V JORNADA DA RAP
“SUA MAJESTADE, O EU:
NARCISISMO NA CLÍNICA E NA CULTURA”
31 MARÇO e 1ºABRIL 2023
RIO DE JANEIRO
HOTEL WINDSOR FLAMENGO
O conceito de narcisismo esteve no centro da descoberta freudiana do inconsciente. Se hoje tal noção faz parte do vocabulário cotidiano mais corriqueiro, sua concepção significou um aprofundamento complexo e nada evidente da compreensão clínica psicanalítica.
O lugar ocupado na obra freudiana pelo ensaio de 1914 Sobre o narcisismo – uma introdução é o de um ponto de virada radical: a partir dali, as manifestações da sexualidade humana passaram a ser abordadas numa vertente absolutamente inédita, na qual o Eu adquiriu um contorno preciso conectado à imagem do corpo. Além disso, fica entendido que a imagem do Eu imanta as pulsões sexuais em sua direção e, surpreendentemente, torna o corpo o primeiro objeto sexual para o próprio sujeito.

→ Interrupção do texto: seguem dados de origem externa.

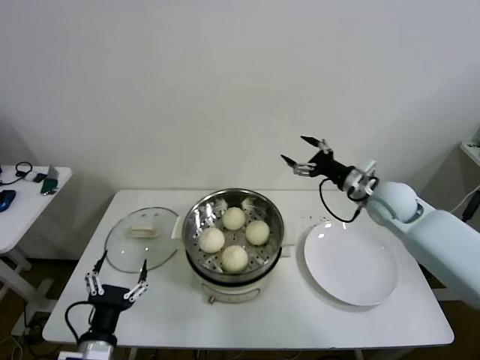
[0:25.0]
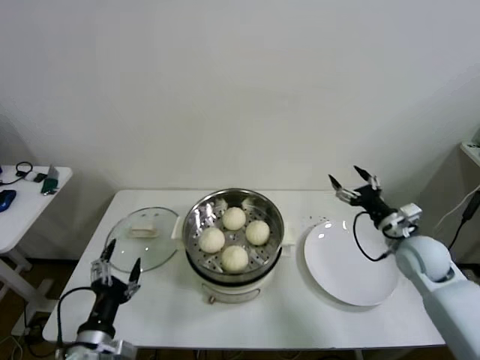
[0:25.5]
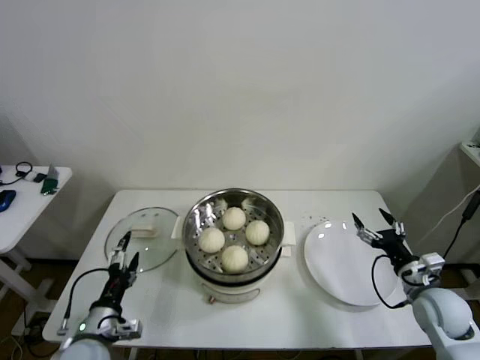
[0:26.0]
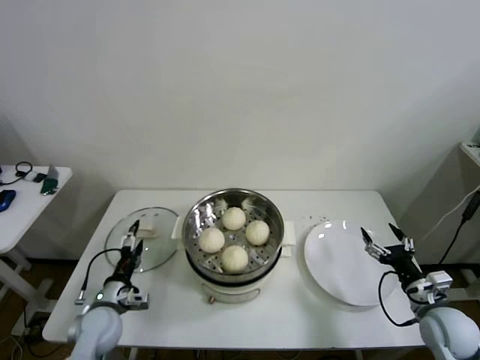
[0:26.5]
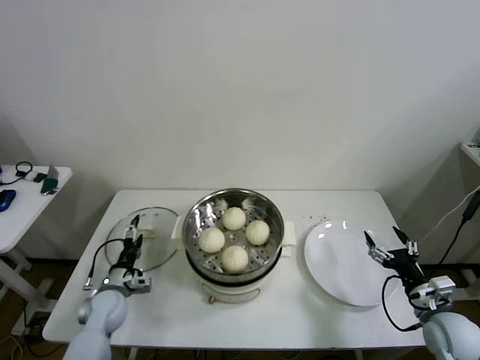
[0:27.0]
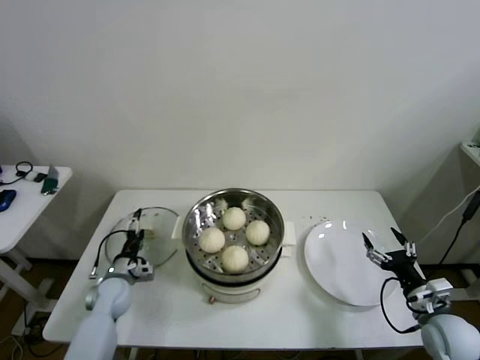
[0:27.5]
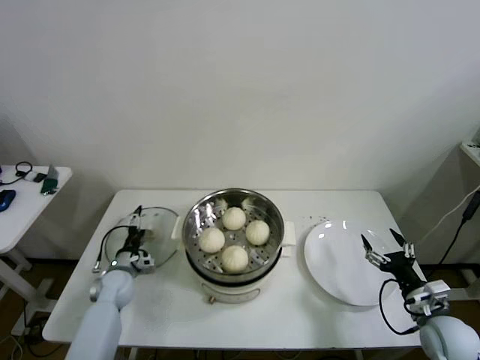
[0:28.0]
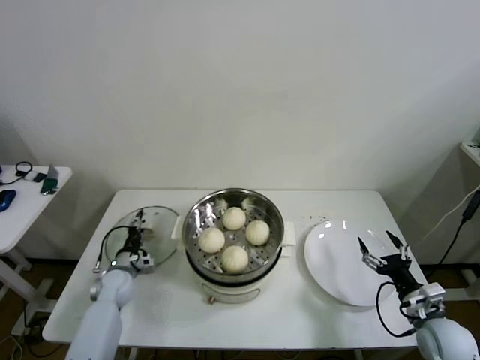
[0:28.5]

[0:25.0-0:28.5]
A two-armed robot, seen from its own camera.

O ternário autoerotismo /narcisismo /relação de objeto é alçado à condição de estrutura.
Assim, a função estruturante do narcisismo estabelece um antes e um depois, pois delimita campos subjetivos específicos: frágil ou mesmo ausente na esquizofrenia, dominante e tirânico na paranoia, o Eu narcísico se apresenta em todas as estruturas clínicas em sua impressionante potência.
Será a noção de libido do Eu, distinta da libido de objeto, que constituirá a plataforma giratória que conduzirá Freud ao segundo dualismo pulsional, no qual a pulsão de morte surge, enfim, para dar à teoria das pulsões seu acabamento definitivo. A compreensão do aparelho psíquico ganha enorme complexidade a partir da teoria freudiana da segunda tópica e os textos subsequentes dão testemunho disso.
Fato de estrutura, as manifestações do narcisismo se enraízam nas mais diversas ocorrências subjetivas e culturais. Na vida cotidiana, o narcisismo das pequenas diferenças produz toda espécie de estragos nas relações humanas. No universo das redes sociais, o narcisismo assumiu grande protagonismo, expresso de modo cabal na cultura do cancelamento, dos likes, das polarizações extremas e do empoderamento através das imagens veiculadas incessantemente nas redes.
No Facebook, a face predomina desertada de Janus; no Instagram, o instantâneo fotográfico impõe sua força a cada segundo e submete os grupos sociais a seus algoritmos; nas imagens sedutoras do Tinder, do Grindr e do Badoo, a imagem reina, poderosa; no BeReal, o privado se torna espetáculo público.
Em suma, são muitas as questões colocadas para a reflexão dos analistas sob o prisma do narcisismo em todas as suas dimensões – da clínica e da cultura. Qual é o preço do redobramento do sujeito sobre sua imagem que é proposto pelo mundo de hoje? Da desconexão consigo mesmo proposta continuamente para dar lugar à conexão imaginária com o outro? Qual é o preço da redução drástica do simbólico à comunicação imediata e superficial dos emojis (já se fala em emojipédia)? Qual é o preço da cooptação da curiosidade infantil nos jogos que exercitam a agilidade mental para o combate, numa dicotomia cabível, por sua estreiteza, à inteligência artificial? Por fim, retomando o vaticínio de Lacan segundo o qual “o racismo vem do futuro”, qual o preço pago pela civilização quanto às segregações de raça, religião e cultura devidas à crescente expansão dos movimentos migratórios?